This work investigates the theoretical foundations and noise–signal trade-off mechanisms of two-stage optimizers in high-dimensional training settings. Focusing on LA-DiLoCo and its variants within high-dimensional linear regression, the study integrates tools from high-dimensional statistics, asynchronous optimization, and momentum theory to provide the first high-dimensional characterization of their noise properties and acceleration potential.
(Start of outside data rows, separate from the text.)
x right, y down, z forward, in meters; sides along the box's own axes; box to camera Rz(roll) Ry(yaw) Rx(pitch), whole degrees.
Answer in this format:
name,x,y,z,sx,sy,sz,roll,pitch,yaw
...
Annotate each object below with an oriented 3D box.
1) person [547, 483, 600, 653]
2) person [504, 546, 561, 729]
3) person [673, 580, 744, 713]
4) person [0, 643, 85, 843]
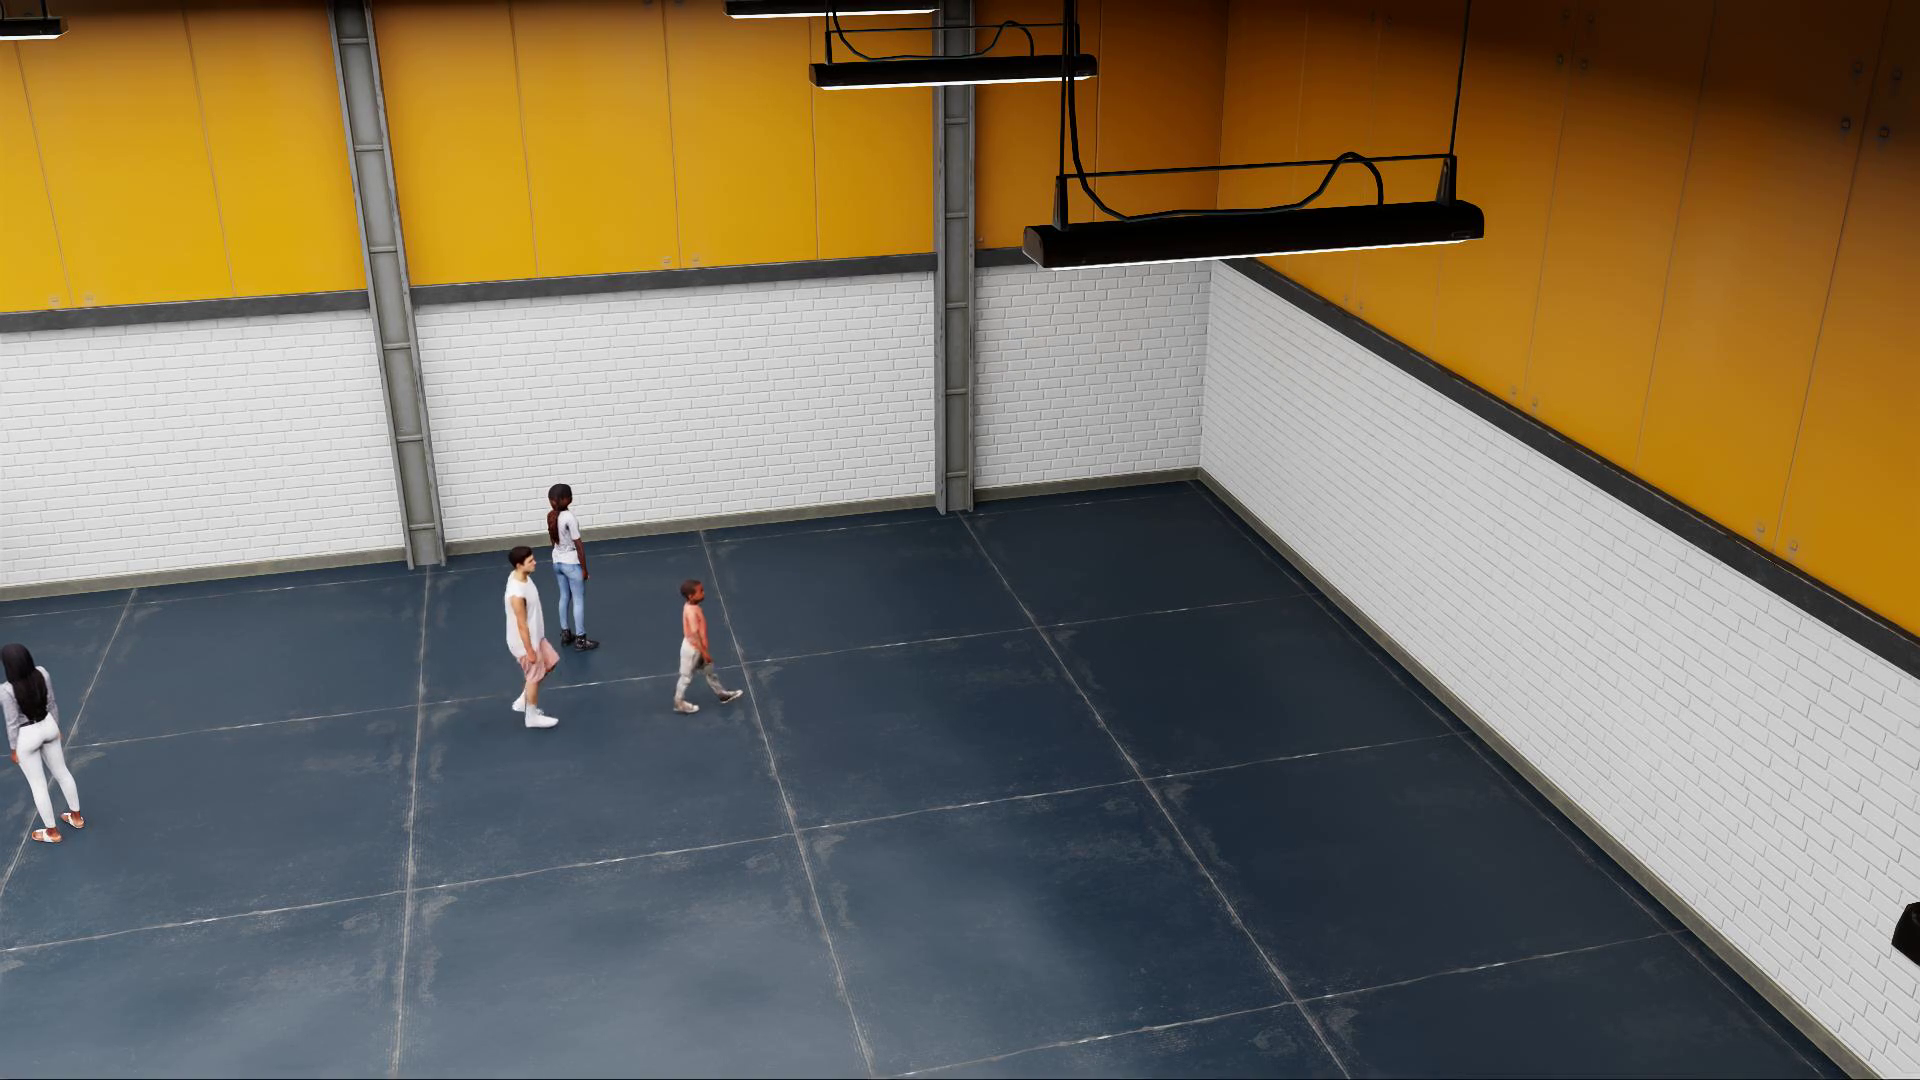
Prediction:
name,x,y,z,sx,sy,sz,roll,pitch,yaw
person,-3.798,0.251,16.144,0.668,1.720,0.701,18,29,35
person,-3.898,0.871,14.663,0.717,1.769,0.692,-4,24,-8
person,-2.458,0.978,15.023,0.898,1.283,0.631,0,24,0
person,-7.281,1.572,13.115,0.715,1.724,0.673,10,26,23
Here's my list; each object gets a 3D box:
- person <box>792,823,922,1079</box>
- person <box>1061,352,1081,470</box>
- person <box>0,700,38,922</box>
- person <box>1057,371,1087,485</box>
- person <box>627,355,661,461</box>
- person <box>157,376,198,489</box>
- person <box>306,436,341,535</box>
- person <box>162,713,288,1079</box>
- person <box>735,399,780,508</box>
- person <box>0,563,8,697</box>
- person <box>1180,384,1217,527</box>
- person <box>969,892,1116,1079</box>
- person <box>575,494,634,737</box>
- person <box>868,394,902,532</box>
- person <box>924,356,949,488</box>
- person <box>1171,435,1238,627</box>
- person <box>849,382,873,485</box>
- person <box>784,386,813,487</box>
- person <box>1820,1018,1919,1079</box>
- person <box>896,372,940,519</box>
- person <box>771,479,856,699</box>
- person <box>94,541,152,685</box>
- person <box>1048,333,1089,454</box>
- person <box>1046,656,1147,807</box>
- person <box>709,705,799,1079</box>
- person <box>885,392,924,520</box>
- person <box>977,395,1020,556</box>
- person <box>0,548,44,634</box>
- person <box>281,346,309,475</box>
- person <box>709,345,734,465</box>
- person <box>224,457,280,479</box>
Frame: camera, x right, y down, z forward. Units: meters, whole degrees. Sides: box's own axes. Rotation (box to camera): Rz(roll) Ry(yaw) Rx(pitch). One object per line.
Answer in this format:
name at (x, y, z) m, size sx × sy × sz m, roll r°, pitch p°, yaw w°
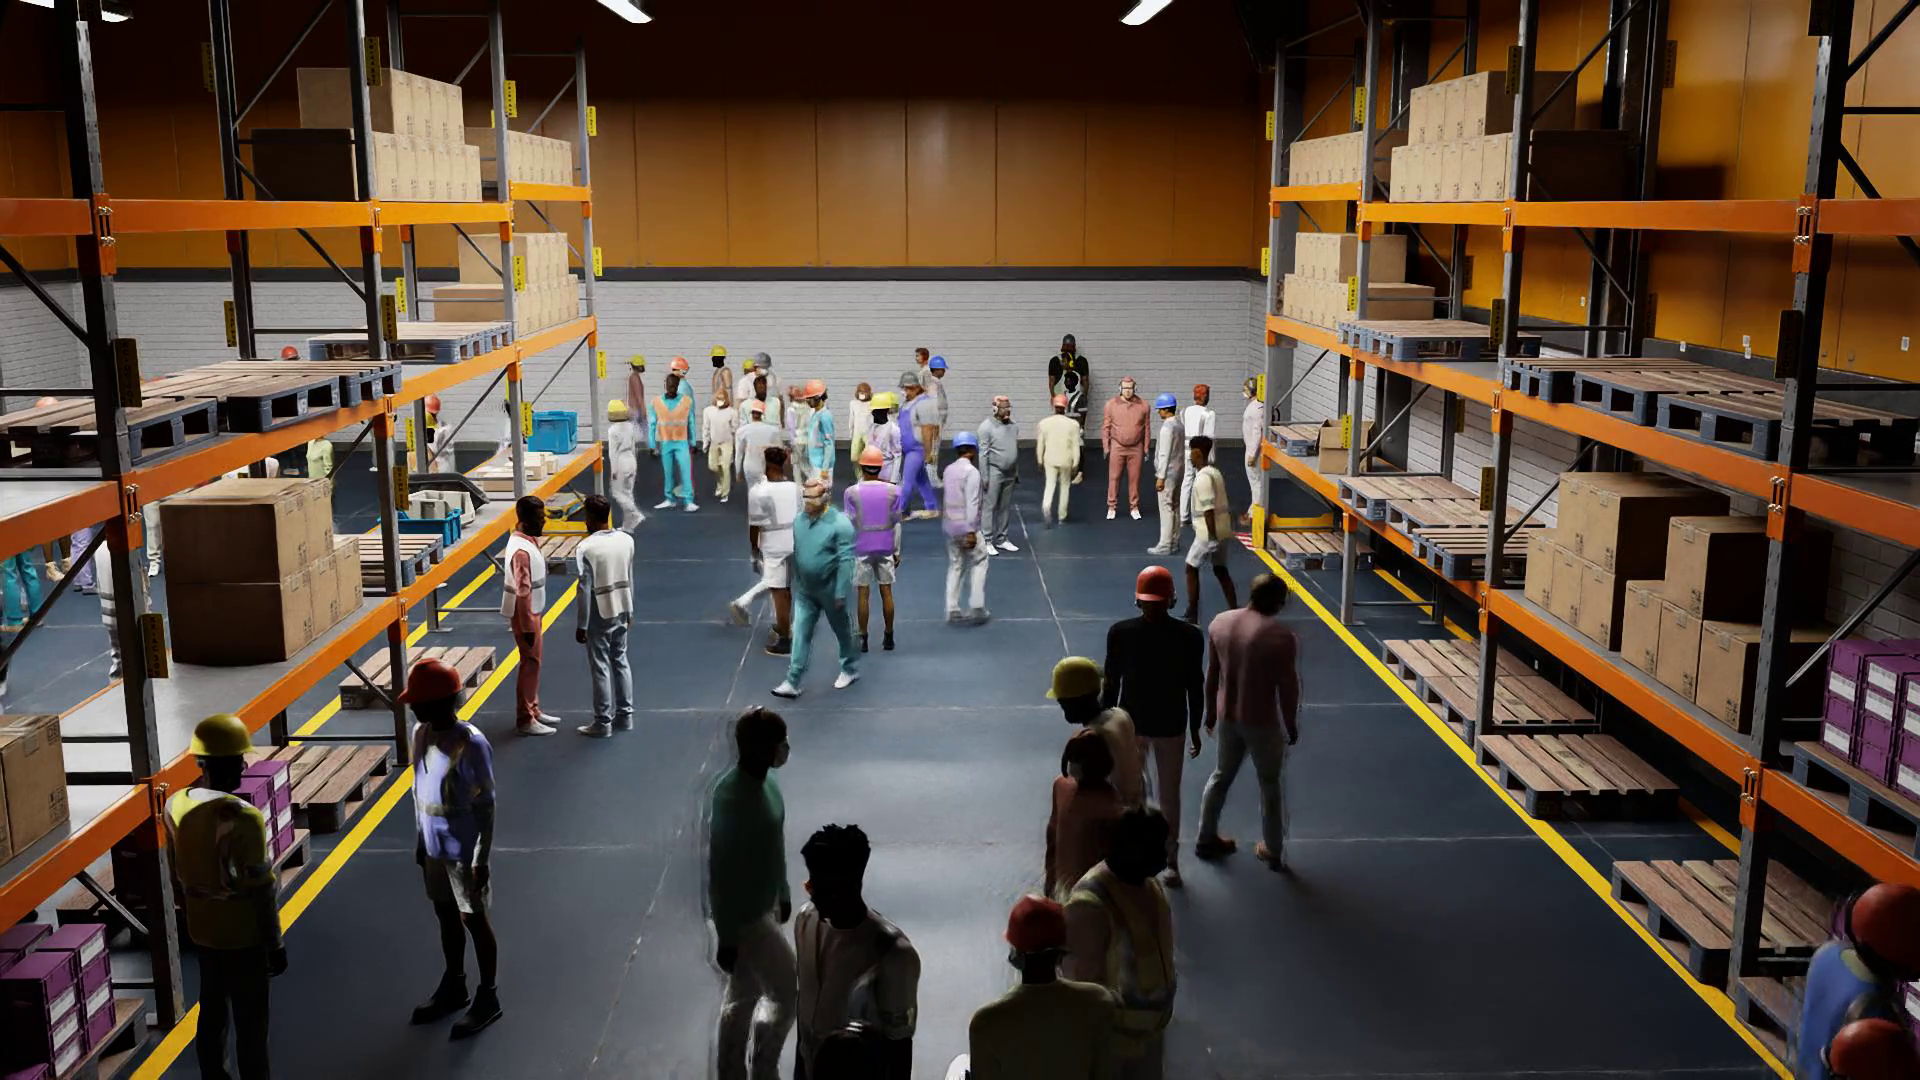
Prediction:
person at (-0.404, 1.955, 6.040) m, size 0.373 × 1.957 × 0.606 m, roll -11°, pitch 16°, yaw -44°
person at (1.725, -2.029, 26.248) m, size 0.310 × 1.864 × 0.534 m, roll -5°, pitch 12°, yaw -25°
person at (-5.540, 1.296, 9.379) m, size 0.340 × 1.942 × 0.552 m, roll 0°, pitch 11°, yaw 2°
person at (1.671, -1.679, 24.914) m, size 0.317 × 1.695 × 0.540 m, roll -10°, pitch 15°, yaw -40°
person at (-5.171, -2.147, 27.173) m, size 0.869 × 1.722 × 0.544 m, roll -3°, pitch 12°, yaw -15°
person at (-11.510, -1.509, 24.018) m, size 0.853 × 1.721 × 0.560 m, roll -6°, pitch 13°, yaw -26°
person at (-7.450, -0.605, 19.388) m, size 0.332 × 1.760 × 0.526 m, roll -11°, pitch 16°, yaw -44°
person at (-3.221, 1.706, 7.370) m, size 0.587 × 1.926 × 0.368 m, roll 5°, pitch 12°, yaw 25°
person at (-2.552, -0.913, 20.988) m, size 0.577 × 1.727 × 0.730 m, roll 0°, pitch 11°, yaw 2°
person at (-8.161, 0.470, 13.691) m, size 0.583 × 1.887 × 0.988 m, roll -3°, pitch 12°, yaw -15°
person at (3.064, -1.069, 21.429) m, size 0.353 × 1.874 × 0.573 m, roll -9°, pitch 15°, yaw -39°
person at (0.271, 2.088, 5.883) m, size 0.570 × 1.749 × 0.339 m, roll -5°, pitch 12°, yaw -24°
person at (-2.767, 0.589, 13.027) m, size 0.410 × 1.908 × 0.598 m, roll 6°, pitch 13°, yaw 29°
person at (-0.925, -0.787, 19.862) m, size 0.367 × 1.927 × 0.587 m, roll -9°, pitch 14°, yaw -37°
person at (-0.352, -1.750, 24.638) m, size 0.390 × 1.946 × 0.614 m, roll 0°, pitch 11°, yaw 0°
person at (2.418, -0.065, 16.256) m, size 0.840 × 1.912 × 0.625 m, roll 6°, pitch 13°, yaw 27°
person at (-1.404, -1.499, 24.196) m, size 0.509 × 1.618 × 0.369 m, roll 4°, pitch 12°, yaw 20°
person at (-2.257, -1.385, 23.611) m, size 0.420 × 1.619 × 0.526 m, roll 5°, pitch 12°, yaw 24°
person at (2.673, 2.262, 5.001) m, size 0.563 × 1.755 × 0.320 m, roll -10°, pitch 15°, yaw -40°
person at (-0.677, -1.245, 21.873) m, size 0.985 × 2.000 × 0.697 m, roll -5°, pitch 12°, yaw -22°
person at (-1.196, 0.409, 14.042) m, size 0.658 × 1.852 × 0.999 m, roll 6°, pitch 13°, yaw 30°
person at (-6.390, 0.645, 12.797) m, size 0.574 × 1.883 × 0.356 m, roll 8°, pitch 14°, yaw 35°
person at (1.828, -2.445, 27.894) m, size 0.679 × 2.000 × 0.537 m, roll 1°, pitch 11°, yaw 7°
person at (0.712, 1.508, 8.466) m, size 0.563 × 1.885 × 0.599 m, roll 5°, pitch 12°, yaw 23°
person at (-0.864, 1.680, 7.511) m, size 0.630 × 1.916 × 0.665 m, roll 1°, pitch 11°, yaw 5°
person at (-0.870, -1.094, 21.917) m, size 0.728 × 1.709 × 0.509 m, roll -7°, pitch 13°, yaw -31°
person at (0.493, -0.782, 19.894) m, size 0.399 × 1.908 × 0.642 m, roll 11°, pitch 16°, yaw 44°
person at (-9.234, -0.009, 16.170) m, size 0.328 × 1.844 × 0.511 m, roll 4°, pitch 12°, yaw 21°
person at (-10.340, -2.020, 25.898) m, size 0.403 × 1.987 × 0.613 m, roll 9°, pitch 15°, yaw 40°
person at (-3.841, -2.170, 26.799) m, size 0.375 × 1.929 × 0.585 m, roll -5°, pitch 12°, yaw -22°
person at (-7.283, -0.211, 17.209) m, size 0.563 × 1.836 × 0.395 m, roll -10°, pitch 15°, yaw -41°

The main contributions include clarifying the distinct optimization dynamics between single- and multi-worker settings, establishing that Lookahead (LA) achieves a superior signal-to-noise ratio compared to standard SGD, demonstrating that Nesterov momentum maximizes acceleration through nonlinear transformations of the effective Hessian spectrum, and verifying that Stochastic Lookahead (SLA) can attain acceleration under specific momentum configurations, with multi-worker noise controllable via hyperparameter tuning.

The trend towards larger training setups has brought a renewed interest in partially asynchronous two-phase optimizers which optimize locally and then synchronize across workers. Additionally, recent work suggests that the one-worker version of one of these algorithms, DiLoCo, shows promising results as a (synchronous) optimizer. Motivated by these studies we present an analysis of LA-DiLoCo, a simple member of the DiLoCo family, on a high-dimensional linear regression problem. We show that the one-worker variant, LA, provides a different tradeoff between signal and noise than SGD, which is beneficial in many scenarios. We also show that the multi-worker version generates more noise than the single worker version, but that this additional noise generation can be ameliorated by appropriate choice of hyperparameters. We conclude with an analysis of SLA -- LA with momentum -- and show that stacking two momentum operators gives an opportunity for acceleration via a non-linear transformation of the "effective'' Hessian spectrum, which is maximized for Nesterov momentum. Altogether our results show that two-phase optimizers represent a fruitful new paradigm for understanding and improving training algorithms.